A method for accurate detection of genomic microdeletions using real-time quantitative PCR

Rosanna Weksberg^*¹^,2 , Simon Hughes^*³ , Laura Moldovan¹ , Anne S Bassett⁴ , Eva WC Chow⁴ and Jeremy A Squire⁵

¹Program in Genetics and Genomic Biology, The Research Institute, The Hospital for Sick Children, Toronto, Canada

²Division of Clinical and Metabolic Genetics, Department of Paediatrics, The Hospital for Sick Children, Toronto, Canada

³Queen Mary's School of Medicine and Dentistry, London, UK

⁴Clinical Genetics Research Program, Centre for Addiction and Mental Health, and Department of Psychiatry, University of Toronto, Toronto, Canada

⁵Ontario Cancer Institute and Department of Laboratory Medicine, Pathology and Medical Biophysics, University of Toronto, Toronto, Canada

author email corresponding author email* Contributed equally

BMC Genomics 2005, 6:180doi:10.1186/1471-2164-6-180


Published:	13 December 2005

Abstract

Background

Quantitative Polymerase Chain Reaction (qPCR) is a well-established method for quantifying levels of gene expression, but has not been routinely applied to the detection of constitutional copy number alterations of human genomic DNA. Microdeletions or microduplications of the human genome are associated with a variety of genetic disorders.
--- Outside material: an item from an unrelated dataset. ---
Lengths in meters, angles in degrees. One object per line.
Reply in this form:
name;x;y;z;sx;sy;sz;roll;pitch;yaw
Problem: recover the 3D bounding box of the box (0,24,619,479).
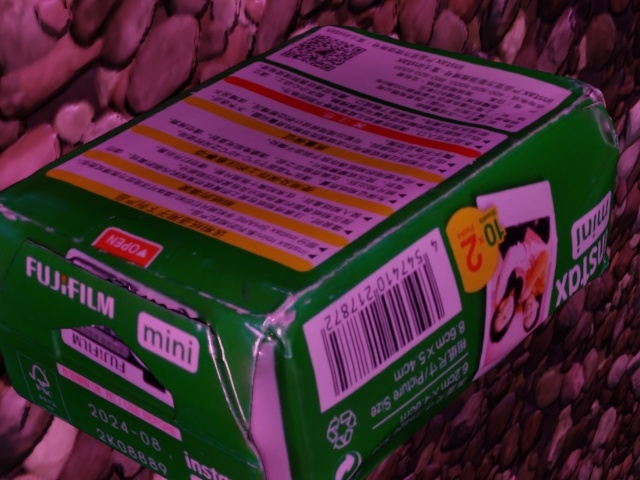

Although, clinical laboratories routinely use fluorescence in situ hybridization (FISH) to identify such cryptic genomic alterations, there remains a significant number of individuals in which constitutional genomic imbalance is suspected, based on clinical parameters, but cannot be readily detected using current cytogenetic techniques.

Results

In this study, a novel application for real-time qPCR is presented that can be used to reproducibly detect chromosomal microdeletions and microduplications. This approach was applied to DNA from a series of patient samples and controls to validate genomic copy number alteration at cytoband 22q11. The study group comprised 12 patients with clinical symptoms of chromosome 22q11 deletion syndrome (22q11DS), 1 patient trisomic for 22q11 and 4 normal controls. 6 of the patients (group 1) had known hemizygous deletions, as detected by standard diagnostic FISH, whilst the remaining 6 patients (group 2) were classified as 22q11DS negative using the clinical FISH assay. Screening of the patients and controls with a set of 10 real time qPCR primers, spanning the 22q11.2-deleted region and flanking sequence, confirmed the FISH assay results for all patients with 100% concordance. Moreover, this qPCR enabled a refinement of the region of deletion at 22q11. Analysis of DNA from chromosome 22 trisomic sample demonstrated genomic duplication within 22q11.

Conclusion

In this paper we present a qPCR approach for the detection of chromosomal microdeletions and microduplications. The strategic use of in silico modelling for qPCR primer design to avoid regions of repetitive DNA, whilst providing a level of genomic resolution greater than standard cytogenetic assays. The implementation of qPCR detection in clinical laboratories will address the need to replace complex, expensive and time consuming FISH screening to detect genomic microdeletions or duplications of clinical importance.